Ce fut les bruits de course qui la ramenèrent à la réalité. Le racheté était déjà là, qui dévalait la pente, glissant et galopant tour à tour dans les feuilles mortes.

— Bouge ! gronda le garçon.

Il repoussa Hayalee, l'envoyant basculer sur les fesses, et bondit sur ses jambes. L'homme fonçait droit sur eux, son poignard à la main. Hayalee voulut se redresser mais le garçon la tira sans attendre et elle ne fit que s'emmêler les pieds. Elle tituba en arrière, parvint de justesse à conserver son équilibre.

Trop tard. L'homme était sur eux.

Abandonnant l'idée de fuir, le garçon écarta Hayalee in extremis et se jeta à la rencontre de leur assaillant. Hayalee trébucha, faillit tomber une nouvelle fois avant de se rattraper à un arbre. Lorsqu'elle releva le menton, le garçon était aux prises avec le racheté.

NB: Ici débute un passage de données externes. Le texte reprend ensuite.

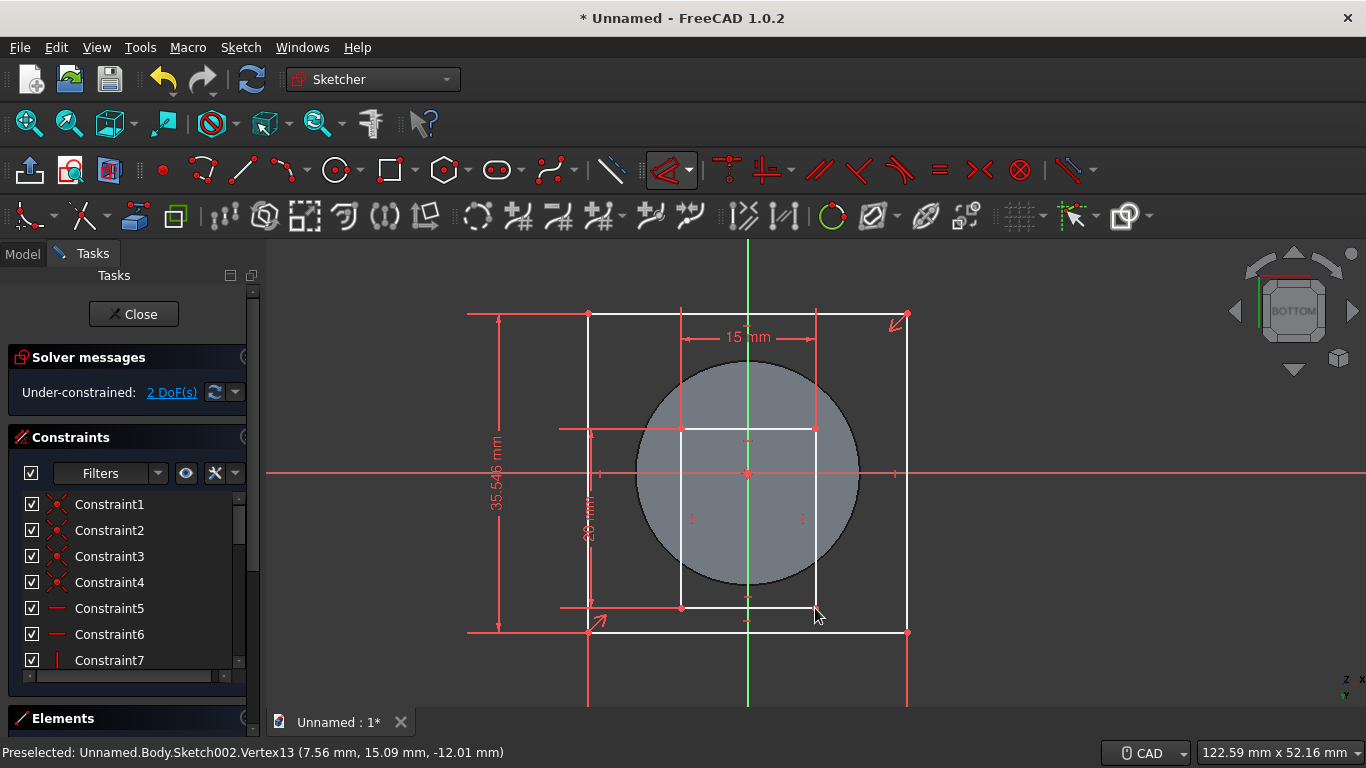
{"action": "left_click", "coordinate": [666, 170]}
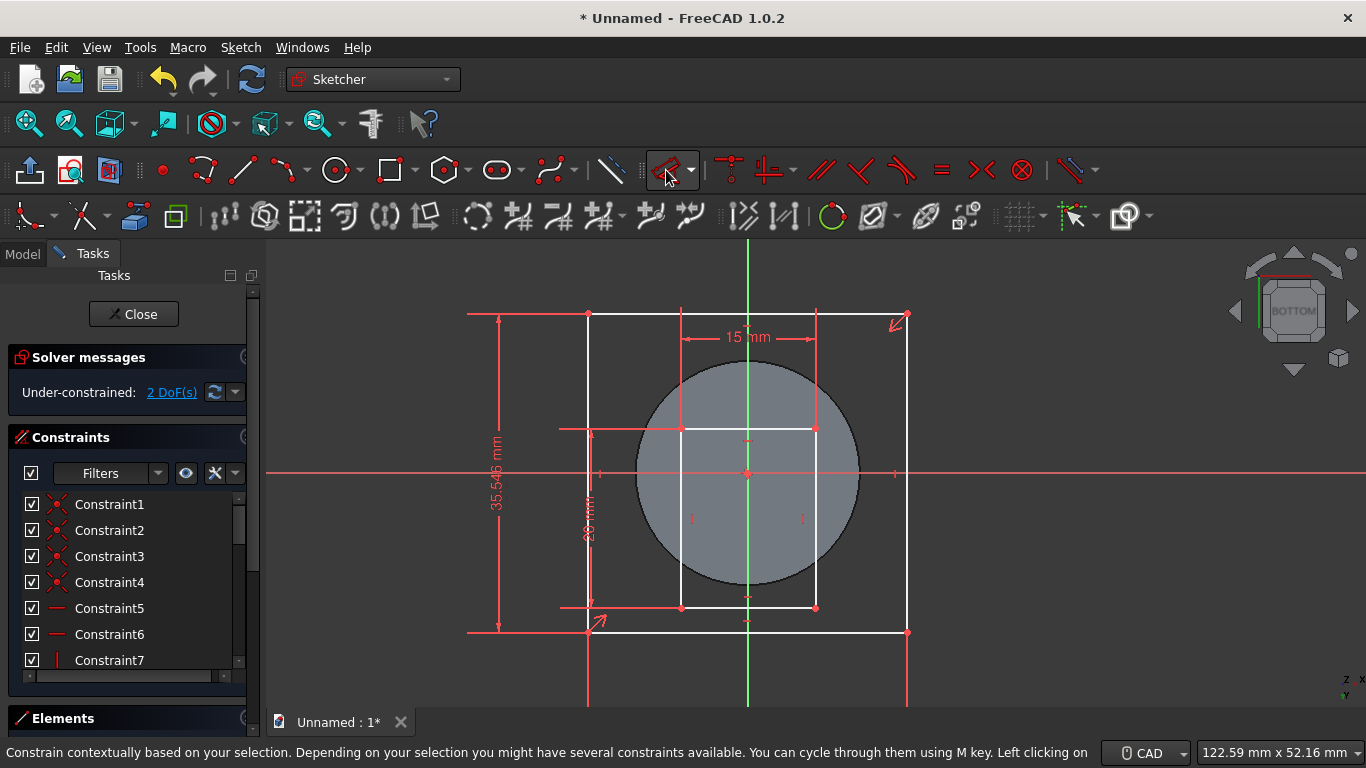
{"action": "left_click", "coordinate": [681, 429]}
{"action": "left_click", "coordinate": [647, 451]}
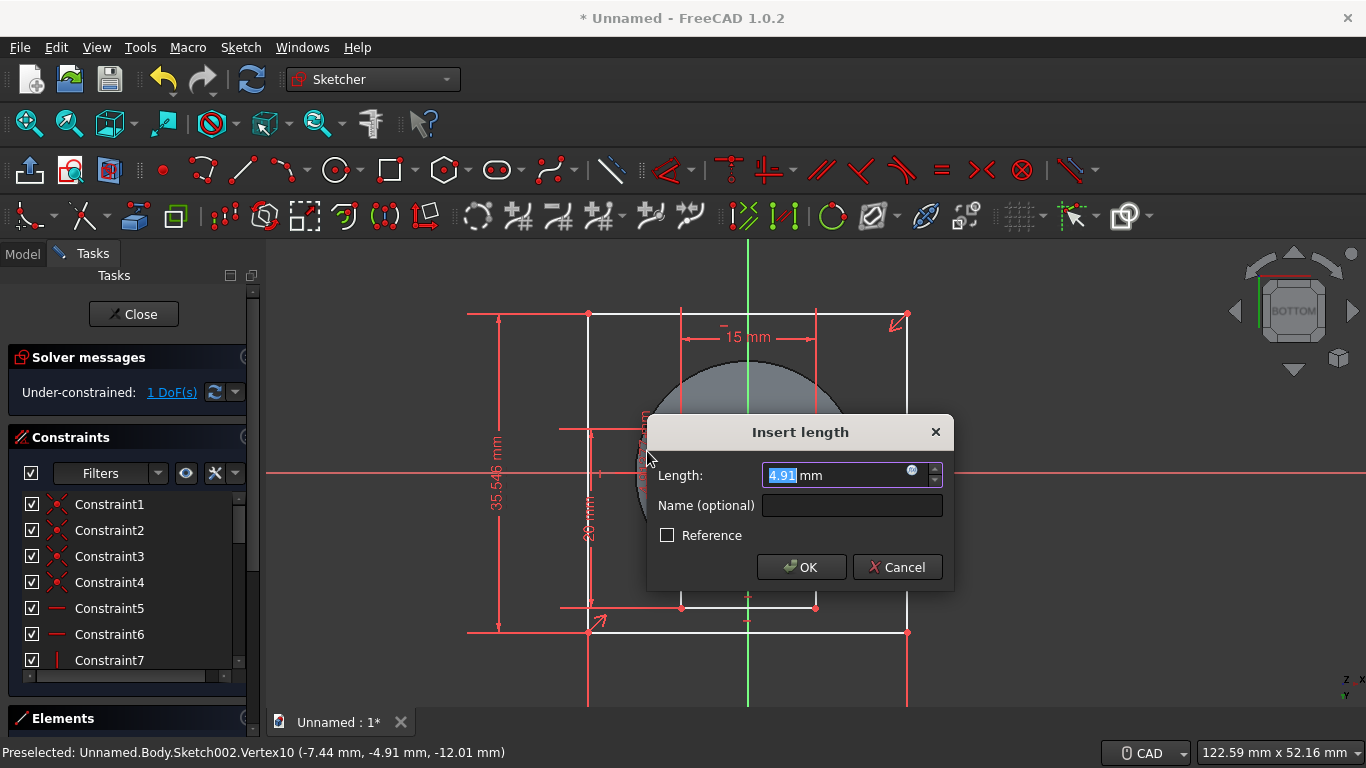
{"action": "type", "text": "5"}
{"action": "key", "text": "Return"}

— Va-t-en ! hurla-t-il, tandis qu'il luttait pour lui arracher le poignard des mains.

Hayalee recula, tourna les talons et partit en courant. Elle entendit un grognement de douleur et jeta un œil en arrière. La dernière chose qu'elle vit fut l'homme qui projetait le garçon au sol. Les arbres se refermèrent sur eux et Hayalee se retrouva seule au milieu de la forêt.

Elle s'arrêta et se plaqua dos à un tronc, le souffle haletant.

Qu'est-ce qu'elle faisait ? Est-ce qu'elle pouvait vraiment s'enfuir et abandonner ce garçon ? Il venait de lui sauver la vie. Elle se mordit la lèvre. Que pouvait-elle faire ? Retourner à l'église chercher de l'aide ? Il y avait peu de chance que Mylina et Ludwig y soient déjà et le temps de trouver et convaincre de parfaits inconnus de l'aider, il serait trop tard. Mais Hayalee ne s'était jamais battue de sa vie, si elle y retournait seule, elle était sûre d'y rester.

Elle était sûre d'y rester et elle sentait la chaleur monter, irradier de son corps. Son front était brûlant, son cerveau de plus en plus douloureux. Elle ferma étroitement les yeux et serra les dents, en proie à l'hésitation. Ce garçon allait se faire tuer à cause d'elle... Elle avait déjà abandonné Matéis. Elle ne voulait pas être ce genre de personne.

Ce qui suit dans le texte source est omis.